[Opening The data section]

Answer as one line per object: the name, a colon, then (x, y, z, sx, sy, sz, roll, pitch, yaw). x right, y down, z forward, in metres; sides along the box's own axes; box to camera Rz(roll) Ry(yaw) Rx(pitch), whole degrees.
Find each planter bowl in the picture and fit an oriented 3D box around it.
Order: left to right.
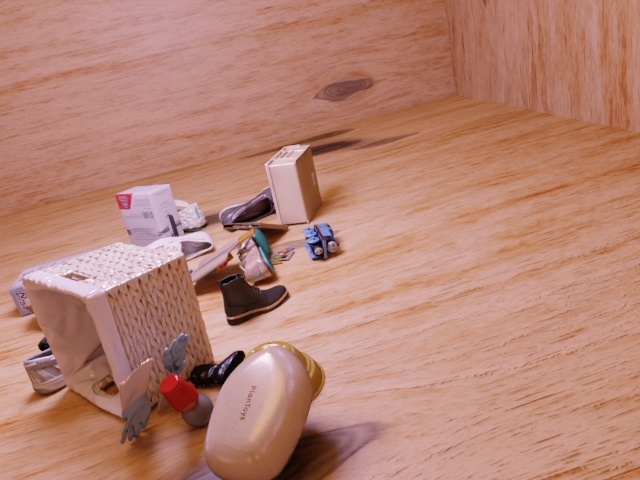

[Closing The data section]

Work order:
Write out the data once more exactly, omitting the pictures.

Response below:
Answer as one line per object: the name, a colon, then (x, y, z, sx, sy, sz, roll, pitch, yaw). x right, y down, z forward, in metres; sides along the box's own axes; box to camera Rz(roll) Ry(yaw) Rx(pitch), whole degrees.
Find each planter bowl in the picture and fit an oriented 3D box around it.
Order: left to right.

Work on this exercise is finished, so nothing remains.